February 2014, Vol. 241 No. 2

TechNotes

Video Game Simulation Taking Hold In Energy Industry Training

Oliver Diaz, Founder and CEO, FuelFX

Complex technology realities come to life as Houston-based FuelFX takes energy industry training tools into a new era built on the technology of augmented reality.

Augmented reality enhances the viewer’s perception of reality by integrating 3D objects, sounds and information with the surrounding environment. Software installed on mobile devices leverage the camera viewfinder to “see” nearby objects and overlay augmented objects and information on the device screen, allowing the real world and virtual world to blend seamlessly.

Imagine being able to “walk” a new technician around a refinery and demonstrate the latest readings of tank pressure and temperature and the current maintenance schedule linked to real-time information systems. How about having virtual representations of refinery equipment that pop up from a training manual and tell students how they work? With augmented reality, all this is possible.

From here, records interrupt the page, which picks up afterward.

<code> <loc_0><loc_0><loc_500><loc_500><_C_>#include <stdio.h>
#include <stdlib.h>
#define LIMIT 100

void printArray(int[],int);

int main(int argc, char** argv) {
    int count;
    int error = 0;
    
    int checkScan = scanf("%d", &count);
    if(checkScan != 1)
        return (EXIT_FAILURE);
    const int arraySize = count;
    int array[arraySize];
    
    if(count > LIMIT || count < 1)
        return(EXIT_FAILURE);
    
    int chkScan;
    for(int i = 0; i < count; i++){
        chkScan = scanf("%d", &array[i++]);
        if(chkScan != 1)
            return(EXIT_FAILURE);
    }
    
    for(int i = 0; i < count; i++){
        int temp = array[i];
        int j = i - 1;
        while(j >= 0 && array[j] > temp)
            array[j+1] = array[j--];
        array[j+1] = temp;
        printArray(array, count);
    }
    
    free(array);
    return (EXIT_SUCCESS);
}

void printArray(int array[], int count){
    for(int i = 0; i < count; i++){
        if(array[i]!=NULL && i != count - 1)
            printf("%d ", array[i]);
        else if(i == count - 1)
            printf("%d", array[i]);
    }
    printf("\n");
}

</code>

In the diagram, blue represents the digital world (and the reality that can be digitally manipulated), while black represents the real world of tangible objects. By beginning at the lower-right corner and following the applications, the viewer sees all the digital capabilities that augmented reality brings to smart devices.

Those capabilities are nearly limitless: recognition functions (visual, speech, facial, object), spatial mapping, geo-positioning, 3D scanning – all with full collaboration and connectivity access. Equally vast are the real-world applications for these functions – not just training, but also:

• Construction of onsite virtual facilities using 3D blueprint overlays.
• Development of step-by-step procedural overlays for everything from safety to equipment identification.
• Use of real-time data for predictive visualization of facility operations.

Soon, with advances in personal display technology like Google Glass, the already thin barrier between the real and the digital world will become even less significant. The resulting realistic visualizations will make every past technical training technique, including hands on demonstration, essentially obsolete.

By integrating the real world with the virtual, augmented reality anchors information when and where people need it – through visual displays that help with way finding, business intelligence and technical visualization. The resulting combination of augmented reality visualizations and interactive multimedia creates integral tools that will improve energy industry efficiency, safety and training.

For energy companies and the businesses that service them, this creates a wide range of exciting new learning and communication applications:

• A refinery can be made “intelligent,” allowing trainers to give students a realistic look inside a tank and to access real-time information, such as temperature, pressure, fluid capacity and location in order to demonstrate safety precautions.

• A new offshore rig design can be shown as a portable table top model, complete with support vessels and deployment animation.

• In any exploration or production operation, a virtual guide can walk viewers through safety procedures, pointing out dangerous areas and showing what protective equipment to wear.

• Manufacturers of drilling and downhole tools can see inside a tool and show trainees how internal components work.

Such augmented reality applications can be accessed anywhere – online, via computer or as a smartphone app – and enable oil and gas executives, engineers, employees and customers to hold an entire industry in the palms of their hands and make it come alive.